June 12, 2016 (San Diego) – Five years ago, the California Dream Act authorized grants to help undocumented immigrant students attend community colleges, public universities and some private colleges.  But last year, about one-third of that “Dreamer” scholarship money was not given out, Ed Source reports.

At community colleges, fully half of those grant funds were not spent—money that by law cannot be used for anything else.  University of California and California State University systems did better, giving out 84 percent and 68 percent of their funds respectively.

Even some students who were awarded grants did not use them.  Some students surveyed said even with a grant, the still could not afford the remaining costs of college.
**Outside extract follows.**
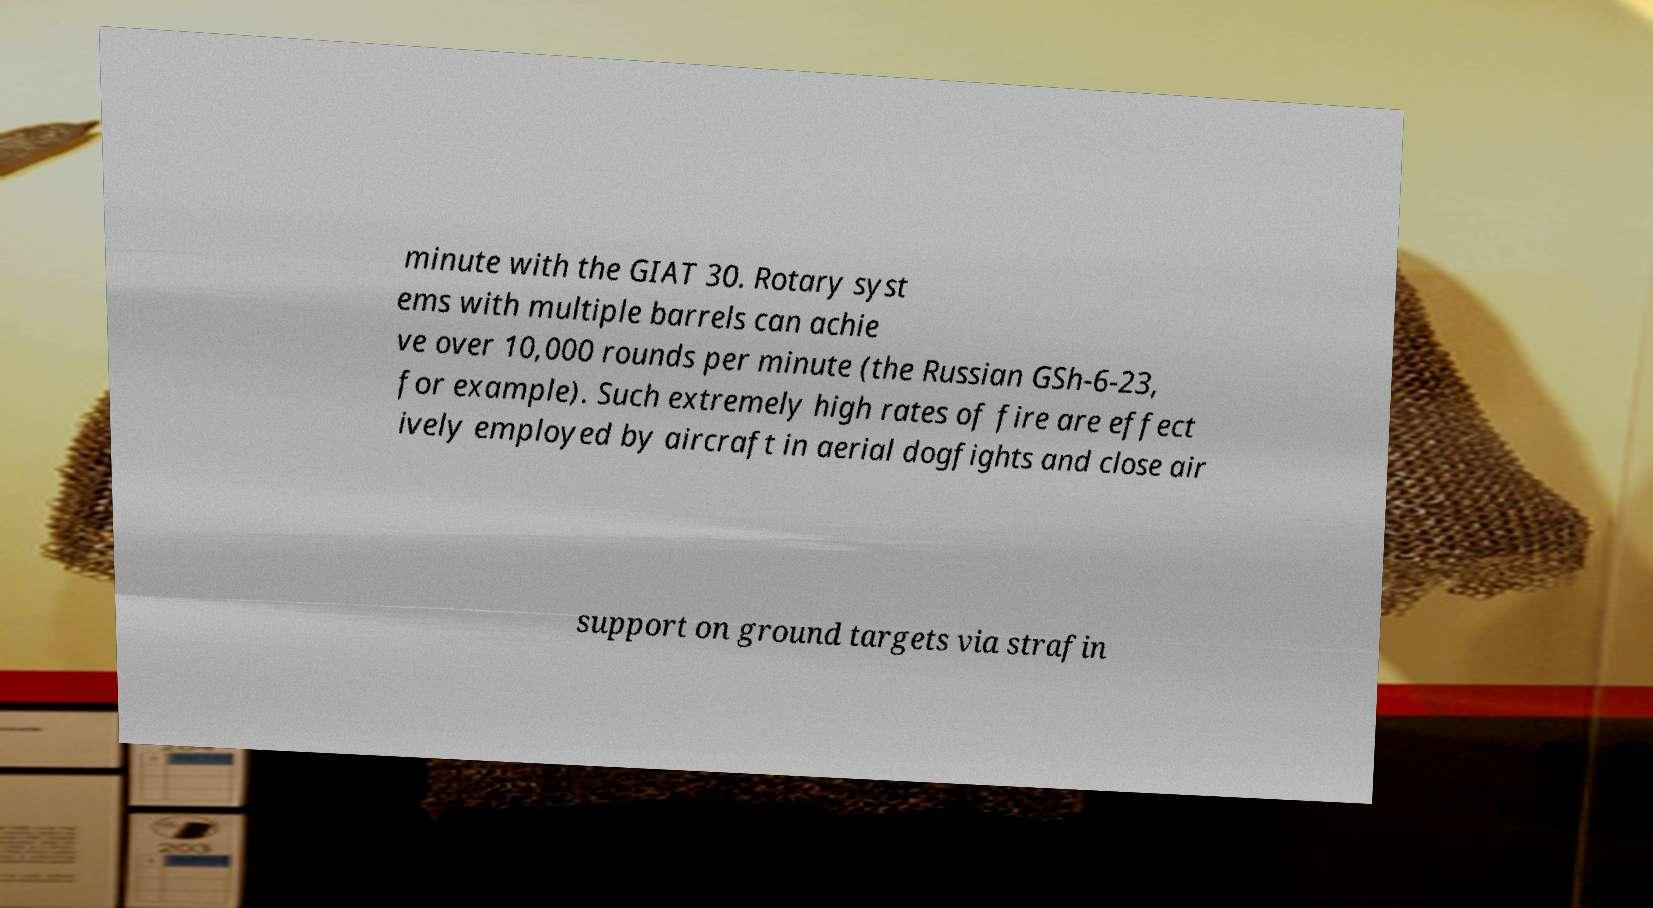There's text embedded in this image that I need extracted. Can you transcribe it verbatim? minute with the GIAT 30. Rotary syst ems with multiple barrels can achie ve over 10,000 rounds per minute (the Russian GSh-6-23, for example). Such extremely high rates of fire are effect ively employed by aircraft in aerial dogfights and close air support on ground targets via strafin 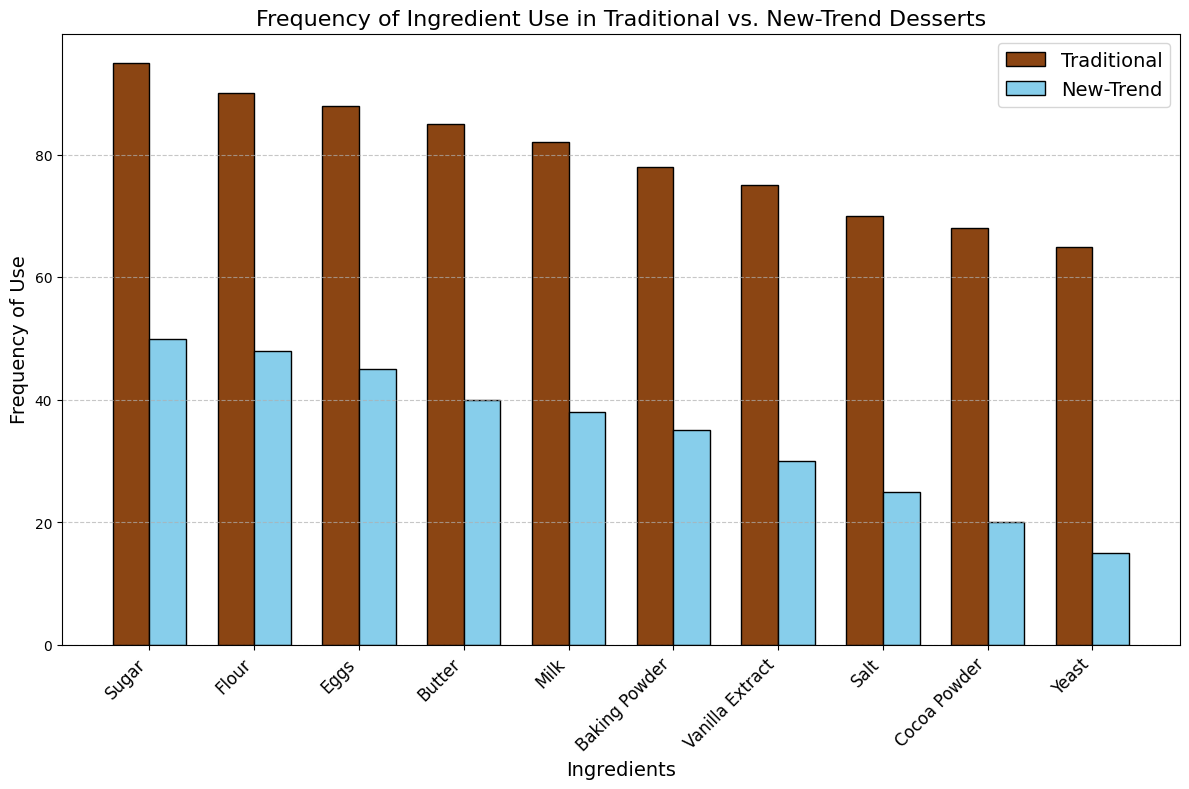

Some said they were unaware they’d been provided a grant, despite claims by officials that efforts were made to notify all recipients.

 In other cases, paperwork requirements, such as providing parents’ tax returns, prevented students from getting the money.  Some, brought to the U.S. as babies or young children, feared such information could prompt deportations of themselves or their parents, although the Student Aid Commission says information is not provided to immigration officials.

Some students were not eligible due to other reasons, such as low grades, attending out of state schools, or family income over the $47,600 limit for community college grants.  Some don’t realize that the grants also make them eligible to apply for other benefits such as waivers of tuition or help with costs of books and dorm fees.

For more information visit the California Student Aid Commission.

Assemblyman Gil Cedillo, author of the California Dream Act and now a Los Angeles Councilmember, says some students have told him that in conservative communities, school officials have “refused to inform” students how to obtain the grants, because they are politically opposed to giving money to undocumented immigrant children and want to see student aid limited to those born in America.  

But Tim Bonnel, a financial aid specialist with the California Community Colleges, says he hasn’t heard of any intentional efforts to deny students the funding. He says most colleges are aware of the law, but blames short-staffing at community colleges for the problem.